Jcb/kernel sharding#436
Open
johnchandlerburnham wants to merge 3 commits into
Open
Conversation
Add the measure -> partition -> manifest pipeline for splitting a compiled
`.ixe` environment into balanced, low-overhead shards, so large environments
(mathlib is ~631k blocks) can be proven in zero-knowledge as independent
conditional proofs rather than one infeasible monolith.
Two new CLI verbs; the kernel runs once to profile, then sharding is cheap to
re-tune for any shard count:
ix profile <env.ixe> -> env.ixesp (per-block heartbeats + delta graph)
ix shard <env.ixesp> -> env.ixes (N-shard manifest + what-if metrics)

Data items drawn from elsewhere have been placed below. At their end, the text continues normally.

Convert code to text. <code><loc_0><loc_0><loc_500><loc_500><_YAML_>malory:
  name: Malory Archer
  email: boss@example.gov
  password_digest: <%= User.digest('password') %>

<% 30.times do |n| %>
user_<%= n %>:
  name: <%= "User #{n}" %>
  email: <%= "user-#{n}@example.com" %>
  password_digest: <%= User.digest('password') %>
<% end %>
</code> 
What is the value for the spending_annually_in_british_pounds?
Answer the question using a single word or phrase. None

Phase A -- out-of-circuit kernel profiler (gated; zero overhead when off):
- Record, per checked constant, its heartbeats (recursive fuel) and the set of
constants whose definition bodies it delta-unfolds. The *delta-unfold* graph,
not the static reference graph, is the real cross-shard cost: a shard must
ingress the body of any foreign block its members unfold.

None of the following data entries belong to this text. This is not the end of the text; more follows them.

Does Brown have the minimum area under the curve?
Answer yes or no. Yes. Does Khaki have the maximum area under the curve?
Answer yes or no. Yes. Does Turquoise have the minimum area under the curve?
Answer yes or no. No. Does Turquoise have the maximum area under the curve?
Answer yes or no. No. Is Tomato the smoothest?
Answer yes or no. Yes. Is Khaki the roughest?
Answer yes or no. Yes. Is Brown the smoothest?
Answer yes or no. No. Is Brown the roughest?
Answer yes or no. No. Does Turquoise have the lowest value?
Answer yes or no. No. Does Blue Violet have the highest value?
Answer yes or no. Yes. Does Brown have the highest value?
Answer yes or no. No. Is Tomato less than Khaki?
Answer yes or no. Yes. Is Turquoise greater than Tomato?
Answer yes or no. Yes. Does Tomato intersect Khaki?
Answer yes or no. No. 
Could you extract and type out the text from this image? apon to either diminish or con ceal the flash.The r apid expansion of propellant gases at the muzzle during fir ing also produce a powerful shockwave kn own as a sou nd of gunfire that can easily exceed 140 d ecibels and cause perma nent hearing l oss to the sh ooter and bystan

- KEnv gains an optional ProfileSink (per-worker accumulator). Capture sites are
the delta-unfold commit points in whnf.rs and per-constant fuel accounting in
tc.rs; begin_const markers in check.rs/inductive.rs attribute work to the
right constant. Per-constant cache isolation makes recording sound (no unfolds
skipped by cross-constant memo) and faithful to in-circuit, un-memoized cost.
- src/ix/profile.rs: the `.ixesp` block-profile model (heartbeats + serialized
size + CSR delta graph), the ProfileSink accumulator, and explicit
little-endian (de)serialization (no serde dependency).
Phase B -- partitioner (src/ix/shard.rs, pure):
- Weighted hypergraph partitioning under the connectivity-1 (km1) metric:
vertices = blocks weighted by heartbeats (balance), nets = blocks weighted by
serialized size (ingress cost); objective = total cross-shard ingress bytes.
- Recursive bisection via greedy graph-growing + Fiduccia-Mattheyses refinement,
with cut-net splitting on recursion and a hub-net cap. Leaf-count allocation
distributes the N-shard budget by heartbeat mass clamped to [1, side size], so
any N works (not only powers of two) and every shard is non-empty when
#blocks >= N. A balance-weight cap (heartbeats capped at total/N) keeps splits
even while accepting the unavoidable imbalance from atomic mutual blocks.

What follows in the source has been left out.